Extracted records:

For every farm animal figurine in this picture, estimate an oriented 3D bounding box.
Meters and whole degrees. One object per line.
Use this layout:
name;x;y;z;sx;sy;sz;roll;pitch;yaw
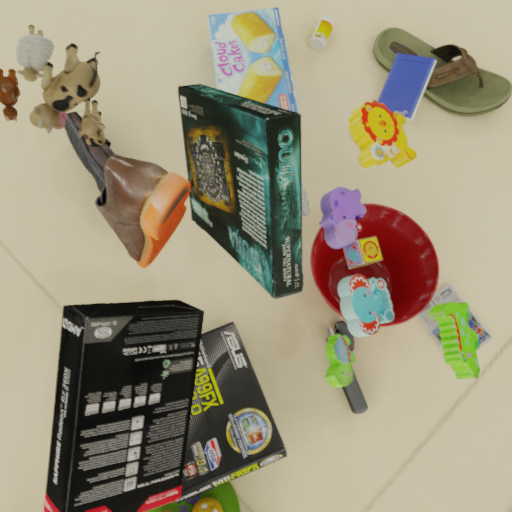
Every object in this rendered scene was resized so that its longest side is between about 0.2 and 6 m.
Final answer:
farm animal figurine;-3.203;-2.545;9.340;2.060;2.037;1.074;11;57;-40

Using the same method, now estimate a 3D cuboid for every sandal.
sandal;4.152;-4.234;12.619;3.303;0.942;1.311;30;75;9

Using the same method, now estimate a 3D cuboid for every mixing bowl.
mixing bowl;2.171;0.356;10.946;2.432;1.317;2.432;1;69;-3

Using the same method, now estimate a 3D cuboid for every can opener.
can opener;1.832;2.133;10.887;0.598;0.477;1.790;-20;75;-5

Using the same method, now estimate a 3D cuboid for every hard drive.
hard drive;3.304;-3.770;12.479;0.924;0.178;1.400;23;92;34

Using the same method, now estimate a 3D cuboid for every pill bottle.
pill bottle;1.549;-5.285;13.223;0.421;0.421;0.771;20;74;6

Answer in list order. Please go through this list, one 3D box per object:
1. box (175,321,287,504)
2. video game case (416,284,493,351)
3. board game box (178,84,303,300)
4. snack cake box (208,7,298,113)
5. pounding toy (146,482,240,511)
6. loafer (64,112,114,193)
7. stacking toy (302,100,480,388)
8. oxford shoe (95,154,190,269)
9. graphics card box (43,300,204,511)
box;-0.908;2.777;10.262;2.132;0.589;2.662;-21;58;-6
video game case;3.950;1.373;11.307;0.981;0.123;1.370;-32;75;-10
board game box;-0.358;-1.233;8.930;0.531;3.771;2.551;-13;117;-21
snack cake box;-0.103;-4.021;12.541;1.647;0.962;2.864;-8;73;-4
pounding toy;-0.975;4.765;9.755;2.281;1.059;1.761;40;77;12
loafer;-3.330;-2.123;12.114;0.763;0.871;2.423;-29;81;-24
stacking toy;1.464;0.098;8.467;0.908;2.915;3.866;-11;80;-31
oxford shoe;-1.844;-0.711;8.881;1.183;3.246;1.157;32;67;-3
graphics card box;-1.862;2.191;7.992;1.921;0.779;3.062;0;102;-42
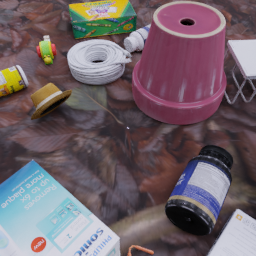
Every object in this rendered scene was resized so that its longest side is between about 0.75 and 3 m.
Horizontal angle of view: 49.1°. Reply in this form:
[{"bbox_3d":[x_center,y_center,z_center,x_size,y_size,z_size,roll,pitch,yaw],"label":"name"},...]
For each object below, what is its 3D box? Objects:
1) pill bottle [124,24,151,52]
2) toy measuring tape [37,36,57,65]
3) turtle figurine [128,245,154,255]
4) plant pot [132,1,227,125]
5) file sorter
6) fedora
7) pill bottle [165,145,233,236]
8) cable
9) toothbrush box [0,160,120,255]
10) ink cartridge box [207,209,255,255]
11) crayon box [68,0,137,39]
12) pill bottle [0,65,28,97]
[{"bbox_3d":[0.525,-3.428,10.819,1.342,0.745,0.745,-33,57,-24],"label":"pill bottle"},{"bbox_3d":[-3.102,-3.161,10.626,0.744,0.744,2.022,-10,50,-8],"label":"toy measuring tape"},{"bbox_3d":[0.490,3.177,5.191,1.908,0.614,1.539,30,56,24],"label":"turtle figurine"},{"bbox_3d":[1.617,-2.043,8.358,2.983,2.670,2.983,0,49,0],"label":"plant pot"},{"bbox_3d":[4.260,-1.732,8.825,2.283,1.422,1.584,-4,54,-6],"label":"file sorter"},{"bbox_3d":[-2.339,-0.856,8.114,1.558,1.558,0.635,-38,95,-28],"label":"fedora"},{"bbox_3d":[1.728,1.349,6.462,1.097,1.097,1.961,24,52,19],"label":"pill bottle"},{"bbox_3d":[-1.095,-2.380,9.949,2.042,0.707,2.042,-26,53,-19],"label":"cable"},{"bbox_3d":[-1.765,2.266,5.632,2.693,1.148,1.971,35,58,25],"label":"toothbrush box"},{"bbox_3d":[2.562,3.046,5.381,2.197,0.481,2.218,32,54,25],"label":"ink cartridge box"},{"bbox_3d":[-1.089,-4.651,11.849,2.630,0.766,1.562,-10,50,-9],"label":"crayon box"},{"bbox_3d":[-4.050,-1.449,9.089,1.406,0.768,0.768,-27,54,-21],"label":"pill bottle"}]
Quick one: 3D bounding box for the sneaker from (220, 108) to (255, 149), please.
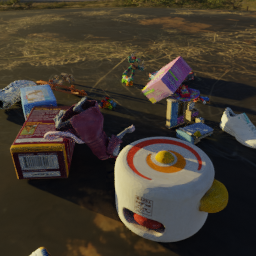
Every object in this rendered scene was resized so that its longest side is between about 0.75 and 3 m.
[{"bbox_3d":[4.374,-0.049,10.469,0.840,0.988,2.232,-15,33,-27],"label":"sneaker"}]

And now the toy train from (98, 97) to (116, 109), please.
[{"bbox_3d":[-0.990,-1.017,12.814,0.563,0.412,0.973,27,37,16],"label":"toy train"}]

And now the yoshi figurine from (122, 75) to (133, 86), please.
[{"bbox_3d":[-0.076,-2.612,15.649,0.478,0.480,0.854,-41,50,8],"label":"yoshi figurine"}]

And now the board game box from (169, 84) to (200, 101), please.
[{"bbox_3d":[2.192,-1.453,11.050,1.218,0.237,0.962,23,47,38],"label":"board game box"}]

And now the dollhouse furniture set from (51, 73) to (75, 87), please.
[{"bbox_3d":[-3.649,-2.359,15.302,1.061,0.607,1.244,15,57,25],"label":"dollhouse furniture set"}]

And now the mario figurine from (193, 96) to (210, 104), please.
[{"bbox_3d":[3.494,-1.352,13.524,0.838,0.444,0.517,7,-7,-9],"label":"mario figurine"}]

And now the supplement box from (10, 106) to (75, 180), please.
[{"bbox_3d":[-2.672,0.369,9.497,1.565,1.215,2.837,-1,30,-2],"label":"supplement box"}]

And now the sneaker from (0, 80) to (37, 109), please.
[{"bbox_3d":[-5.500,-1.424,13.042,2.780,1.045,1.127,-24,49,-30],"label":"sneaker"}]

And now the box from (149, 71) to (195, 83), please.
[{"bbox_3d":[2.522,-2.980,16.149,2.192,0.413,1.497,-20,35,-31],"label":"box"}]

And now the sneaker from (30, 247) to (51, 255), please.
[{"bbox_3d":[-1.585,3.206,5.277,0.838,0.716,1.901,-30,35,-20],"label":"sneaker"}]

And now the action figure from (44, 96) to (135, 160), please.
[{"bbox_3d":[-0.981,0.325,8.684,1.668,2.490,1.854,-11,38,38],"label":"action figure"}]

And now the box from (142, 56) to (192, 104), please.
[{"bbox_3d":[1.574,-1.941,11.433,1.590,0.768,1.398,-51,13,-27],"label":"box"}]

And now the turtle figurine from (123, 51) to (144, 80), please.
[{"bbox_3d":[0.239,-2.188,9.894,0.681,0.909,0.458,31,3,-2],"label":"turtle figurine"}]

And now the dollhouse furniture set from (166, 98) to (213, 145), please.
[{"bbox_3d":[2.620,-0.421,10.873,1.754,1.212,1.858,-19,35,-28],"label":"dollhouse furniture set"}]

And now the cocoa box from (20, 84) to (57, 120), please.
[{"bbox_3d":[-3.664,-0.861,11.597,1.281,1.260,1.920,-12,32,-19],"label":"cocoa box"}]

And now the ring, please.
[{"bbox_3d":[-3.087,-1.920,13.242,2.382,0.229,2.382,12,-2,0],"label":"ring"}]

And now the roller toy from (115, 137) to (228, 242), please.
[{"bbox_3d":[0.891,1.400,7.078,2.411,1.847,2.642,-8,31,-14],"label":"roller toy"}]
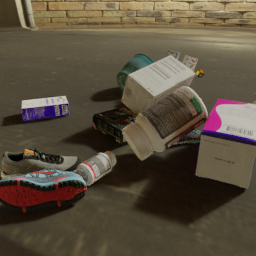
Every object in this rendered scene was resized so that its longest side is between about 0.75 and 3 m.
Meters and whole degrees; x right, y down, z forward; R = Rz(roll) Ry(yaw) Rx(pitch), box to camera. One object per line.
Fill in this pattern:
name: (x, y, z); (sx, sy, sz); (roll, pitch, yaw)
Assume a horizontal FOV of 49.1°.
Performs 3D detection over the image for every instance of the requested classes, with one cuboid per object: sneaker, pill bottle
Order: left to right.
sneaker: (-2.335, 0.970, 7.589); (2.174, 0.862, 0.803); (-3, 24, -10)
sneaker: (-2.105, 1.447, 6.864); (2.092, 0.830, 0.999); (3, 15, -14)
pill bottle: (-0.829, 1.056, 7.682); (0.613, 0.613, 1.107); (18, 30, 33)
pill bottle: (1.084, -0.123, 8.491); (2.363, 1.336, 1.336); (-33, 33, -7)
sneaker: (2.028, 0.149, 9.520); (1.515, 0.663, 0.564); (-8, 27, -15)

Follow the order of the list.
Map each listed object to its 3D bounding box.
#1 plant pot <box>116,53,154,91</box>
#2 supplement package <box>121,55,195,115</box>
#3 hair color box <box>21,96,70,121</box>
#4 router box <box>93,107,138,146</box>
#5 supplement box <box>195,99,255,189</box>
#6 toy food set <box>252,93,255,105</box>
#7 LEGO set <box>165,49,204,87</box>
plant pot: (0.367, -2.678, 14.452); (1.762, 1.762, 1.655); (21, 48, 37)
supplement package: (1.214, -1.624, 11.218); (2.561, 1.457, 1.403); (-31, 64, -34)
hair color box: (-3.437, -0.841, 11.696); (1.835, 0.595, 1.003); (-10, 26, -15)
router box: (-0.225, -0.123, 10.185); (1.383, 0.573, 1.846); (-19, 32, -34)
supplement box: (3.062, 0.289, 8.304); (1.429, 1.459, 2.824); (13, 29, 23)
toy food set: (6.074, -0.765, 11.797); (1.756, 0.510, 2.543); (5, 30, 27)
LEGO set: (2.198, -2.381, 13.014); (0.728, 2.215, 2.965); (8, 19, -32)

* * *

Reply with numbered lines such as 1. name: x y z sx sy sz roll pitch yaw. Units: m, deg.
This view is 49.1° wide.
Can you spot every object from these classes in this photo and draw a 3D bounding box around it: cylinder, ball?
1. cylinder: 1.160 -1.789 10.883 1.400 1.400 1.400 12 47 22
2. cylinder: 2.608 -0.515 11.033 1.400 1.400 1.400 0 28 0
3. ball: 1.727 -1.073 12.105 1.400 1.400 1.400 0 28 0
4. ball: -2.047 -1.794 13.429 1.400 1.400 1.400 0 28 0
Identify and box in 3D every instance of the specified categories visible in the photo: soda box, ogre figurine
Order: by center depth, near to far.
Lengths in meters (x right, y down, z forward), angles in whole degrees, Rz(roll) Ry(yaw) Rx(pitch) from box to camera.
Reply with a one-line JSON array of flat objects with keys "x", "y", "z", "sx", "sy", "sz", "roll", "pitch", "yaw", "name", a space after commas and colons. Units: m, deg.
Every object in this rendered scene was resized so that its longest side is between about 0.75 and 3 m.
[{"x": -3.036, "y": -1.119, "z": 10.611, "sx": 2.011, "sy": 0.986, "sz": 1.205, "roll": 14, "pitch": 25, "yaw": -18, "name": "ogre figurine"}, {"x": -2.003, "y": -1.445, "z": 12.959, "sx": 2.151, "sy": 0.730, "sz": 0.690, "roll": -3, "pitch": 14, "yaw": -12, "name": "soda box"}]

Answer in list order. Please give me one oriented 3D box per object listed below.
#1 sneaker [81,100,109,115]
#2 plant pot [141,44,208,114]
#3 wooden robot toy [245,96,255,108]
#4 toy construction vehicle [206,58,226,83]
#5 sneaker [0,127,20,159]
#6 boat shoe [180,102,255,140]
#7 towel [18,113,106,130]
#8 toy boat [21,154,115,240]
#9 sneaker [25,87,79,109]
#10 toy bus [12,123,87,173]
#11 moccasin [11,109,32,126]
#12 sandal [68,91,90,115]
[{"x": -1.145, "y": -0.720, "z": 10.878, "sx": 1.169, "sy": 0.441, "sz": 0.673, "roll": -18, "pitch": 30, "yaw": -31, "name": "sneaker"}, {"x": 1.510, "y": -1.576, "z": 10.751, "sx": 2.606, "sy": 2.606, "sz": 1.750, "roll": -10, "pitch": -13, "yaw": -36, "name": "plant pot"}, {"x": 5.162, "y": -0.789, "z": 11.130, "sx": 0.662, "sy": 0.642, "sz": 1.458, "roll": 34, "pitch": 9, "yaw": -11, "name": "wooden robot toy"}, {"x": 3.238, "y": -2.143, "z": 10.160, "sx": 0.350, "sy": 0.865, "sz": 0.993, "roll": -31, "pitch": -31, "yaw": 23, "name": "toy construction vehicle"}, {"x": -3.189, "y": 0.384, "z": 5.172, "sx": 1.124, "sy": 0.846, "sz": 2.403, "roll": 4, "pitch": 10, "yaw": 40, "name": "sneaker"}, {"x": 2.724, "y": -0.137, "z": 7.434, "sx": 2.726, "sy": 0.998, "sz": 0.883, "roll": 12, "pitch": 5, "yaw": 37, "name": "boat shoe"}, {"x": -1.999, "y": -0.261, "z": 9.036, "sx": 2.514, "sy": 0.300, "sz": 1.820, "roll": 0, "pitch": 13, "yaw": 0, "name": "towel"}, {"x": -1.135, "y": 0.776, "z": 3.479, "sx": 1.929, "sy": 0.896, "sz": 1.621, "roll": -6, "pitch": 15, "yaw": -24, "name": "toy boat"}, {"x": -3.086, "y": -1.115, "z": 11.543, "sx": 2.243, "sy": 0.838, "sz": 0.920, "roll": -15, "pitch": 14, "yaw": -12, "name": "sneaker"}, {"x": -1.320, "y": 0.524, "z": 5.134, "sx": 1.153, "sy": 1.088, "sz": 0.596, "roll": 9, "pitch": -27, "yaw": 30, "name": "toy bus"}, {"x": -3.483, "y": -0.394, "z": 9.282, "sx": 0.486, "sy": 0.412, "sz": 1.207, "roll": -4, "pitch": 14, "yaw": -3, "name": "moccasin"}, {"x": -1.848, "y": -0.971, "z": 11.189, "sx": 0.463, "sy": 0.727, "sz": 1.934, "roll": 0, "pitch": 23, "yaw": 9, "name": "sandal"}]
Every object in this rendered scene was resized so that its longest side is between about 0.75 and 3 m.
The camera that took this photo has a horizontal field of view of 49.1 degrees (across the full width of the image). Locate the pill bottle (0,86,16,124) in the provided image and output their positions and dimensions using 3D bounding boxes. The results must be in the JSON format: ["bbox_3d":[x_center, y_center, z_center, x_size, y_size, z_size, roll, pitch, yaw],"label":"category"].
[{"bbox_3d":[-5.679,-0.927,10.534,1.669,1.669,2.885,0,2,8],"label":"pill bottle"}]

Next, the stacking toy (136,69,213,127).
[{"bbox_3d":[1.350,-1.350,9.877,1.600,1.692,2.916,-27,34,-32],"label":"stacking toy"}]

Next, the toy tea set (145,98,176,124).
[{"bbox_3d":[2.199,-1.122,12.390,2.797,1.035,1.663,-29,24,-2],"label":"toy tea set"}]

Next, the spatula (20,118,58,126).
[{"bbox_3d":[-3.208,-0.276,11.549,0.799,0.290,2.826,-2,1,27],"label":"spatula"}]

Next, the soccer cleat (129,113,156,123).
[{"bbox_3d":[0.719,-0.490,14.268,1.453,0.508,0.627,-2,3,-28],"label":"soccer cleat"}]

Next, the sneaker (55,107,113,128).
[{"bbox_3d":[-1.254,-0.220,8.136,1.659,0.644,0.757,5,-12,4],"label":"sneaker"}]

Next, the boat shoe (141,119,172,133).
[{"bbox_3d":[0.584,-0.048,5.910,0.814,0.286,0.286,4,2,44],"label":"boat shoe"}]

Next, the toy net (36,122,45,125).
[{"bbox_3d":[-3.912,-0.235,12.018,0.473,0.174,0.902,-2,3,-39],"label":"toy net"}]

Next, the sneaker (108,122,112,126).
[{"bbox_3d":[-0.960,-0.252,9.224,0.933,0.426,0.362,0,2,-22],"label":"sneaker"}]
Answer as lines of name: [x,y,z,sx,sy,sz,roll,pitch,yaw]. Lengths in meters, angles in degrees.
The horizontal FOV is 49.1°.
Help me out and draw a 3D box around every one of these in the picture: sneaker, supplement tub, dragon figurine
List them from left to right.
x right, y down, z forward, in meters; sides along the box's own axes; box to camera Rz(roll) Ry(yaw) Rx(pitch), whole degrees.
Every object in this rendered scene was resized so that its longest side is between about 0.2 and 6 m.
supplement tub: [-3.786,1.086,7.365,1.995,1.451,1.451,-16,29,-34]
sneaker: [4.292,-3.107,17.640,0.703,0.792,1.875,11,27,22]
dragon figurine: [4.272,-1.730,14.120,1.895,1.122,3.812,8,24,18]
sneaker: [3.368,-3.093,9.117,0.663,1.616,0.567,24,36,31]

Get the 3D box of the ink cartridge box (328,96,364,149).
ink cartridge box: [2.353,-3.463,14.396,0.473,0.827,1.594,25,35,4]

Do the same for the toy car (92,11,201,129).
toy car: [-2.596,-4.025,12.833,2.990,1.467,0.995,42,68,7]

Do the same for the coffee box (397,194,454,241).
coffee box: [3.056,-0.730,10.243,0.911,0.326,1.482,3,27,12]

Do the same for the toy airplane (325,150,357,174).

## Exercise aim
Out of the records above, set down only the lines from the one that contains "9. graphics card box (43,300,204,511)" through the one that contains "11) crayon box [68,0,137,39]", unchanged and without the pictures.

## Output for this exercise
9. graphics card box (43,300,204,511)
box;-0.908;2.777;10.262;2.132;0.589;2.662;-21;58;-6
video game case;3.950;1.373;11.307;0.981;0.123;1.370;-32;75;-10
board game box;-0.358;-1.233;8.930;0.531;3.771;2.551;-13;117;-21
snack cake box;-0.103;-4.021;12.541;1.647;0.962;2.864;-8;73;-4
pounding toy;-0.975;4.765;9.755;2.281;1.059;1.761;40;77;12
loafer;-3.330;-2.123;12.114;0.763;0.871;2.423;-29;81;-24
stacking toy;1.464;0.098;8.467;0.908;2.915;3.866;-11;80;-31
oxford shoe;-1.844;-0.711;8.881;1.183;3.246;1.157;32;67;-3
graphics card box;-1.862;2.191;7.992;1.921;0.779;3.062;0;102;-42
Every object in this rendered scene was resized so that its longest side is between about 0.75 and 3 m.
Horizontal angle of view: 49.1°. Reply in this form:
[{"bbox_3d":[x_center,y_center,z_center,x_size,y_size,z_size,roll,pitch,yaw],"label":"name"},...]
For each object below, what is its 3D box? Objects:
1) pill bottle [124,24,151,52]
2) toy measuring tape [37,36,57,65]
3) turtle figurine [128,245,154,255]
4) plant pot [132,1,227,125]
5) file sorter
6) fedora
7) pill bottle [165,145,233,236]
8) cable
9) toothbrush box [0,160,120,255]
10) ink cartridge box [207,209,255,255]
11) crayon box [68,0,137,39]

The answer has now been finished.